Koszty kampanii na radnego to, chcąc zdobyć mandat, jakieś 30- 50 tysięcy złotych co najmniej. Można oczywiście starać się to zrobić własnym sumptem i po kosztach, z tym że ja już czasu nie mam. W wielkiej czwórce koszty kampanii kandydatów zdaje-się że są pokrywane z dopłat z budżetu państwa, w przypadku partii i kandydatów niezależnych- koszty kampanii to nasza strata. Diety nawet nie pokrywają kosztów czasu zajmowanego przez sesje.

Bardzo się dziwię jeżeli jacyś niezależni kandydaci tak wysoko wyceniają swoje osobiste korzyści z kandydowania. Chyba że są jakimiś Prometeuszami wywalającymi niemałe prywatne pieniądze dla dobra lokalnej wspólnoty. Albo liczą na nielegalne korzyści finansowe.
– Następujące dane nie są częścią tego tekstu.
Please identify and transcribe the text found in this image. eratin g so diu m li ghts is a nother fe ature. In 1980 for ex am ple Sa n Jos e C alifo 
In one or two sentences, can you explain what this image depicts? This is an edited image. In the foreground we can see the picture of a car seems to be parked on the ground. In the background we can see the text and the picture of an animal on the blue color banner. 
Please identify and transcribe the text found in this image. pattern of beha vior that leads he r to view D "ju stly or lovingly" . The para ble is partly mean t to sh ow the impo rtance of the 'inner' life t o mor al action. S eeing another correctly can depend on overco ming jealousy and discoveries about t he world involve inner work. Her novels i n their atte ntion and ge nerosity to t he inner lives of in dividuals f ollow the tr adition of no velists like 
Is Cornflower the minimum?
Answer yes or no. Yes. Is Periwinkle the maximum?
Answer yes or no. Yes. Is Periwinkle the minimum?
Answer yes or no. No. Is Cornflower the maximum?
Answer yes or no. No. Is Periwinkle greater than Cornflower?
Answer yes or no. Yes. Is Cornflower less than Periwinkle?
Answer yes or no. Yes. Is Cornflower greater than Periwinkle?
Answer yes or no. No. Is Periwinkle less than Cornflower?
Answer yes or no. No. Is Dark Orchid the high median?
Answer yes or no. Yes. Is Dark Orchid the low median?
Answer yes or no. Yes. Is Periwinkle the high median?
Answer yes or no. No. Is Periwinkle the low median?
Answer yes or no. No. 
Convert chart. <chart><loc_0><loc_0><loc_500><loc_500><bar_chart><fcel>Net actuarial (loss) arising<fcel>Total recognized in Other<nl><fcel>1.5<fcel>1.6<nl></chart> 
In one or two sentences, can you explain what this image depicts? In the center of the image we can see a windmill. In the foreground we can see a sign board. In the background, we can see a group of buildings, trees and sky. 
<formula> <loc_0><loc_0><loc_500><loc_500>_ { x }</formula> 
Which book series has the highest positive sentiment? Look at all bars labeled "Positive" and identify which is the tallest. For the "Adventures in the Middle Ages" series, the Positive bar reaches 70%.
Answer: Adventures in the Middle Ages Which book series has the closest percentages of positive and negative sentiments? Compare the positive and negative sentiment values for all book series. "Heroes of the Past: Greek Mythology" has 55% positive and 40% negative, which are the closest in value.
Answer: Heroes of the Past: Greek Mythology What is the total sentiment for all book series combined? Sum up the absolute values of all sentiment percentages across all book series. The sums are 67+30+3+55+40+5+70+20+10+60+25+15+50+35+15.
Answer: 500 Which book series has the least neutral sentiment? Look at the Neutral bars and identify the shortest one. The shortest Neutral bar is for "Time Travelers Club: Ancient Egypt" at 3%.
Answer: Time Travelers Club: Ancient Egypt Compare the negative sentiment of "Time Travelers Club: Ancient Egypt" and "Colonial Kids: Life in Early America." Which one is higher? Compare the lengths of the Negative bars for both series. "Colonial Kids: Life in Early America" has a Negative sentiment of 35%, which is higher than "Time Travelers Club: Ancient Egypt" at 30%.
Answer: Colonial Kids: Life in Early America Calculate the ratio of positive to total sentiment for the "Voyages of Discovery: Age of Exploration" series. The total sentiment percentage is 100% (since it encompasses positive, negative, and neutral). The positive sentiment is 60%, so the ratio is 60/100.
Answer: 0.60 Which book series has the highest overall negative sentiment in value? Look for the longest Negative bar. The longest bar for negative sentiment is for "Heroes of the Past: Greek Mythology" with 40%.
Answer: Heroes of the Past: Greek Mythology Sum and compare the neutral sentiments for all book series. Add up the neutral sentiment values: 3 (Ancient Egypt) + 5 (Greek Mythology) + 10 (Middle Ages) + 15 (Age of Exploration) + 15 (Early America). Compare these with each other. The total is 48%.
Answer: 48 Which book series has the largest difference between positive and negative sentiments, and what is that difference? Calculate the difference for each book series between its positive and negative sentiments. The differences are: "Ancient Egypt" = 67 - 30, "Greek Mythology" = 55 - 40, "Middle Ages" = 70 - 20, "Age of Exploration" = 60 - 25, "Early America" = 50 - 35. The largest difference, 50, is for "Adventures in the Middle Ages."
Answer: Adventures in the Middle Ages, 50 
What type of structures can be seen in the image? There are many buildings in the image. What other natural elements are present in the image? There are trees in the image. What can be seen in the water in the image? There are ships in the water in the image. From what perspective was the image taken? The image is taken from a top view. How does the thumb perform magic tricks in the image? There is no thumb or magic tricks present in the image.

Ponadto część miast tak podupadła, że nastąpił odpływ kapitału ludzkiego- zwykle wartościowych wyborców i kandydatów. Następuje zamknięte koło: gorszy kapitał ludzki- gorsza jakość lokalnych władz. Od tego wydaje się że nie ma ratunku. Pamiętam francuskie miasta w których jedyne co ogłaszano to kursy na prawo jazdy. Wiele polskich miast zamienia się w podobne sypialnie.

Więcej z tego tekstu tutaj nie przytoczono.